Об этом думал Хисс, змеиный царь, глядя на поднимающиеся из воды блестящие мокрые кручи. Призрачный остров! Это было хуже, чем смерть. Намного хуже.


С улицы доносился звонкий смех Ками. Старый Хрофт отложил клинок, который правил, и угрюмо задумался. Тяжко познавать пределы своих сил тому, кто в былые времена мог гасить и вновь зажигать звезды! Тяжко сознавать, что друзья, с кем рубился плечо к плечу, вынуждены продолжать неравный бой без тебя, потому что рука уже начала изменять тебе! День за днем, ночь за ночью гложет тебя неизбывный червь сомнений — а зачем ты еще ходишь по этой земле, Бессмертный? Люди наслаждаются каждым прожитым днем, потому что знают — их век короток. А что делать тебе, прожившему уже тысячелетия и, если не срубит в поединке рука сильнейшего противника, спокойно могущему дожить до самого Дня Гнева, Второго Дня Гнева, когда вернется из своих странствий Творец, и одно мановение Его Божественной Мысли обратит в Ничто всю Сферу Миров, все Упорядоченное?...
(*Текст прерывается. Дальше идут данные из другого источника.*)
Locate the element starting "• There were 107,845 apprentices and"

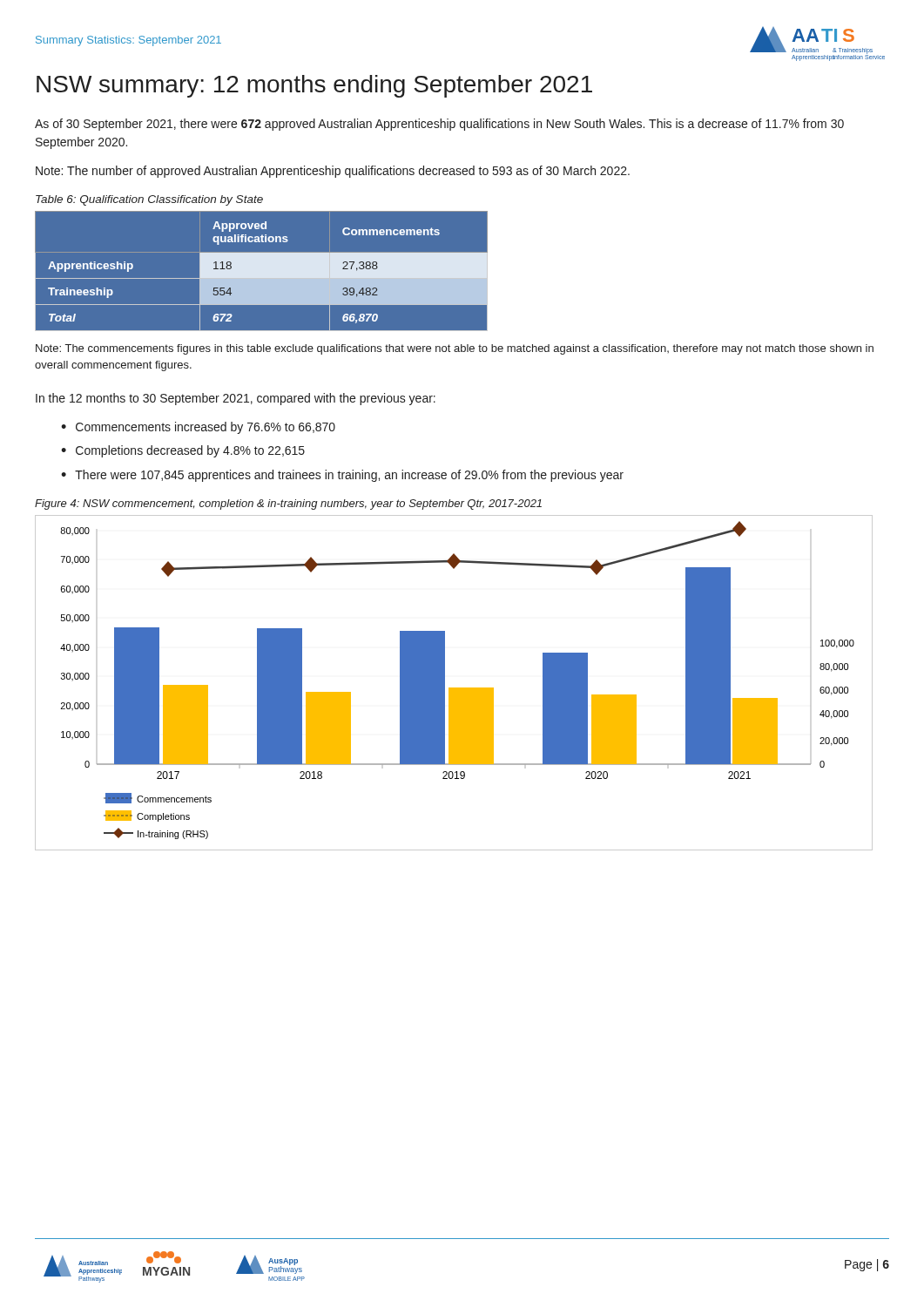[342, 475]

Ах, какое было время, когда он насмерть дрался с Лишенными Тел в Южном Хьёрварде! Какое время! Никогда уже не пережить подобного... Для Неназываемого он, Хрофт, Игг, Один, оказался недостаточно силен. Так что же тебе осталось, Древний Бог? Слушать детский лепет Ками, девочки, вырванной из лап смерти чародейством Эльтары?
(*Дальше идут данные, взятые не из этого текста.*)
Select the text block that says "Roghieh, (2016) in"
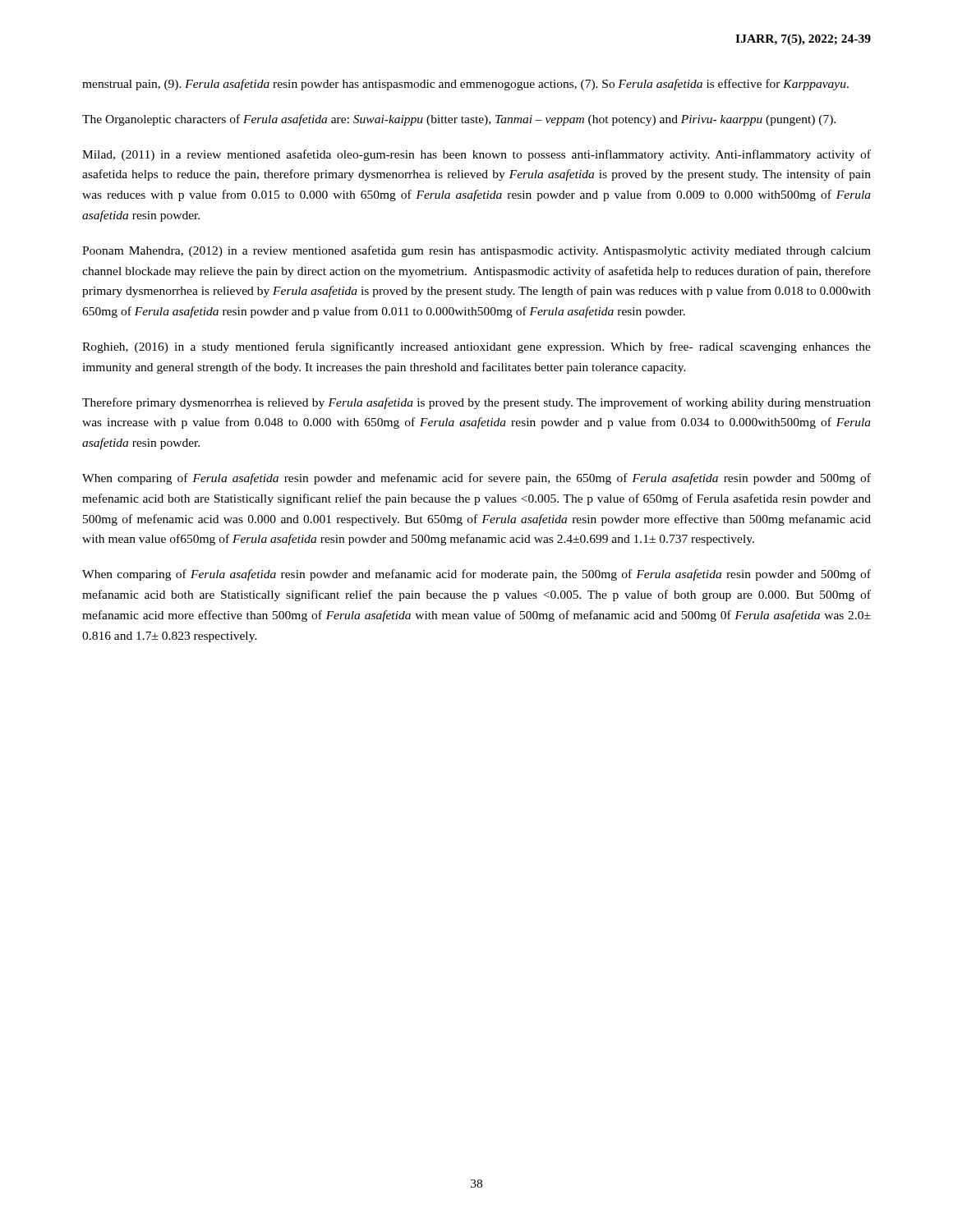This screenshot has height=1232, width=953. [x=476, y=356]

Он грохнул кулаком по столу — доски разлетелись бы вдребезги, не будь столешница сделана им самим.

Стало немного легче.

Старый Хрофт ждал. Подобно тому, как ждал когда то в бессрочной своей ссылке. Тогда он дождался — молодой маг по имени Хедин Познавший Тьму как то раз забрел в его жилище...

Он сделал все, чтобы подтолкнуть этого мальчишку идти именно той дорогой, которая нужна была ему, Хрофту. И добился полного успеха — Боргильдово Поле было отомщено сторицей. В Обетованном обосновались Новые Боги. А ему, Хрофту, осталась все та же неистребимая скука.

Частично ему удалось развеять ее, сражаясь с порождениями Потрясения. Когда в пределах Обетованного, у самых престолов прежних владык, гремела последняя битва, нарушился ход многих и многих небесных сфер, изменили свои русла магические реки Вселенной, драконы Времени, в ужасе мечась по перекатам великой реки вечности, натворили немало бед — и в обычные, населенные Смертными и Перворожденными земли, ворвалось немало чудовищных сущностей, возникших, наверно, еще до начала времен. С ними нужно было сражаться, их нужно было побеждать. Это помогало забыться. А потом вновь накатывала черная, всепоглощающая тоска.

Эх, если б можно было поговорить с Хедином или Ракотом! Или хотя бы с тем отчаянным пареньком по имени Хаген, которого Познавший Тьму в последнюю секунду вытащил с самого порога Небытия. Мечты, мечты... Все твои друзья далеко, Игг Разрушитель. Все они грудью встречают напор Неназываемого и пока еще сдерживают этот натиск. А ты... ты не можешь быть с ними.

Хлопнула дверь. Влетела раскрасневшаяся Ками, схватила со скамьи какую то игрушку и вновь умчалась на улицу. Хрофт улыбнулся. Ты все таки еще не безнадежен. Ты еще можешь привязываться, беспокоиться и любить...

Старый Хрофт ждал.


Однако никакие семейные хлопоты и то новое, что внесло в жизнь рождение Аратарна, не смогло вытеснить беспрестанно мучивший вопрос: с кем же свела меня судьба на пороге безымянного гнездилища Орды (кстати, сразу же второй вопрос: зачем я вообще туда полез?)? Лицо мертвой девушки, не похожей ни на «саойю» из воспоминаний Эльстана, ни на Царицу Теней из моей собственной памяти. Кто она такая, ставшая моим врагом — и сгинувшая?

Я подступался к саднящей ране этого вопроса со всех сторон. Атаковывал его изощренными извивами Заклятий Познания, просеявших, точно мелкий песок, все самые крошечные терции времени нашего поединка; я вновь и вновь заставлял прокручиваться перед собой эту битву, пытаясь разобраться в природе подчинявшихся моему Врагу Сил, — и все напрасно. Словно чья то очень могучая длань задернула все случившееся непроницаемым пологом забвения, в пыльных складках которого тонула моя самая изощренная волшба.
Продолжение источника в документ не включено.